The Central Park Conservancy, and some backstory.
Founded in 1980 following Central Park’s decline in the 1960s and 1970s, it was initially devoted to fundraising for projects that concerned the park’s restoration and improvement. It took on the management duties of the park in 1998. Since then, over the past 30 years, the Central Park Conservancy has invested nearly a billion dollars towards the restoration and enhancement of the park.
With an endowment of $200 million, primarily consisting of contributions from residents, corporations, and foundations, it provides 75% of the park’s $65 million yearly operating budget. It’s also responsible for all the basic care of Central Park and has historically provided maintenance support and training programs for other public parks in New York City.
In recent years.
The past two to five years have seen a majority of renovation projects pop up, some of them with funding of over $100 million, and today we’ll be talking about a bunch of them.
The most popular entrance to the Park, the Southwest Corner
Situated by the Merchants’ Gate, the Southwest Corner is the most visited way into Central Park with over 4 million visitors annually (accounting for 10% of the Park’s total visitors!)
The scope of the renovation project covers roughly 12 acres between the Park’s perimeter and the Drive, from Central Park South and Seventh Avenue to Central Park West and 66th street. The project’s work fell into 3 categories: landscape, perimeter, and comfort station.
Landscape-wise, the irrigation infrastructure responsible for keeping the lawns ever so green was expanded, the paths and drainage were reconstructed. The project also aimed to plant small specimen trees and add new site furnishings such as benches and drinking fountains.
As far as the perimeter goes, the renovation was all about accessibility. Pedestrian ramps were created, new benches were installed and the existing pavements and curbs were replaced.
The comfort station, which includes men’s and women’s restrooms, had not been touched since 1980. It would be closed in winter due to the lack of heating. Work on it included upgrading all the infrastructure (mechanical, electrical, plumbing), repairing water damage, making the restroom accessible to people with disabilities, and restoring the stone exterior.
The up-and-coming Conservatory Garden restoration.
Originally planned to be an arboretum by the park’s planners Fredrick Law Olmsted and Calvert Vaux, the site was initially a nursery for growing plants for the Park. By the late 1880s, greenhouses were built on-site, followed shortly by a glass conservatory (the origin of the garden’s name). Having fallen into disrepair, it was demolished in the 1930s and the six-acre outdoor garden was designed and built.
The first significant restoration since 1983, the project aims to improve the hardscapes of the Garden. It will include creating universal accessibility by converting stairs to ramps, restoring the distinctive bluestone pavements, upgrading infrastructure and modernizing fountain systems, improving drainage, and ensuring all parts of the Garden meet code requirements.
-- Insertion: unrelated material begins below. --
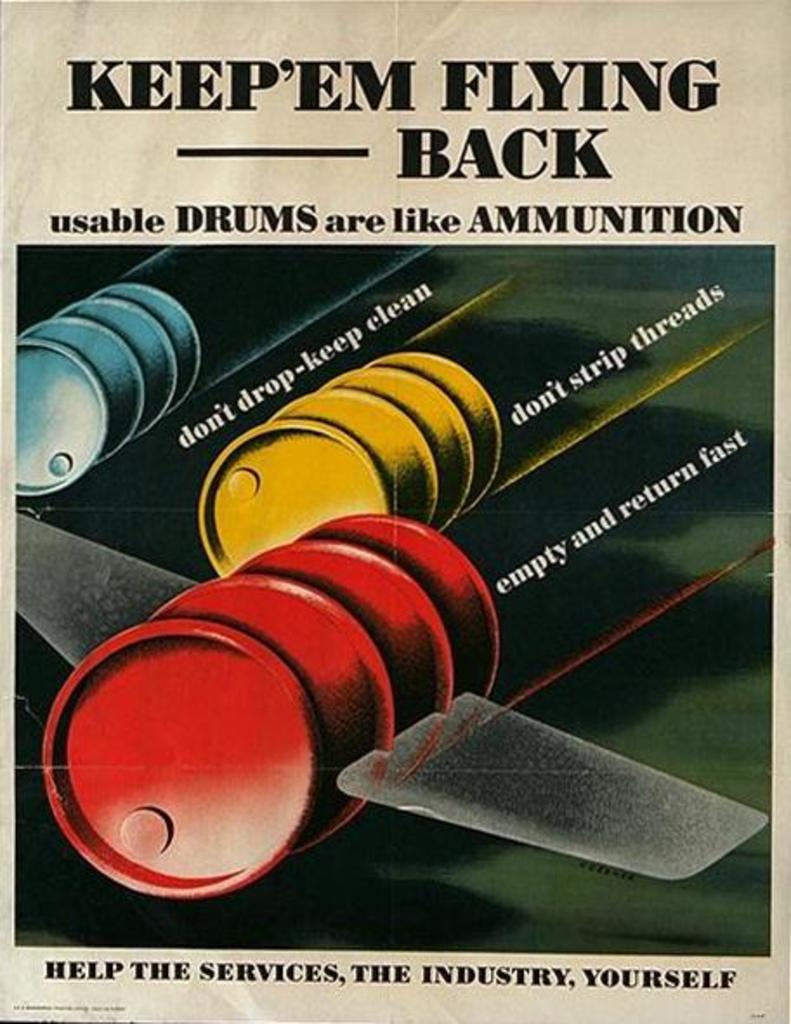Provide a one-sentence caption for the provided image. A flyer with oil barrels that have wings and says Keep`em Flying Back. 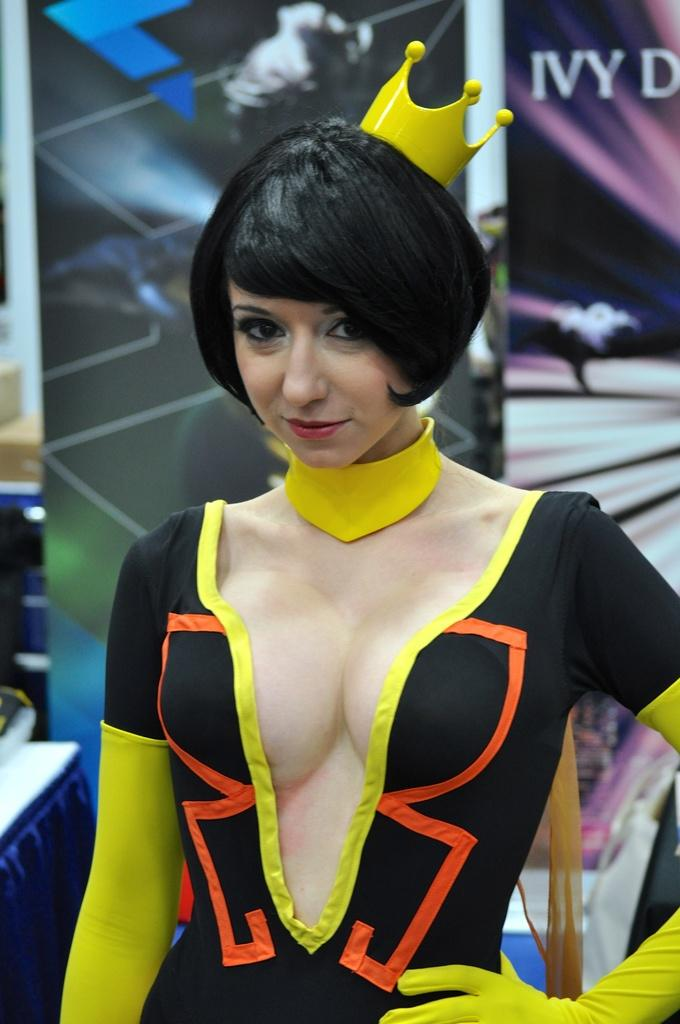<image>
Render a clear and concise summary of the photo. Woman wearing a costume in front of an ad that says IVY.

The Lasker pool and rink revamp
The northern end of Central Park that surrounds Harlem Meer is in for a treat. The $150 million plan calls for restoring the landscape surrounding the Harlem Meer, as well as building a new recreational facility with a new pool and rink.
The Lasker Rink and the pool were built in 1966 and currently acts as a concrete barrier between the Meer and the newly restored ravine. The renovation project includes removing the barrier and slightly moving the pool to allow the waterway that runs through the ravine to flow into the Meer.
A boardwalk will be built across several small islands and the freshwater marsh where the waterway flows into the lake, allowing for nature education programming including fishing, canoeing, and wildlife observation.
The design-led by the park’s chief landscape architect Christopher J. Nolan, Susan T. Rodriguez Architecture Design, and Mitchell Giurgola—aims to continue with the park’s tradition of creating spaces that connect its architecture to its landscape.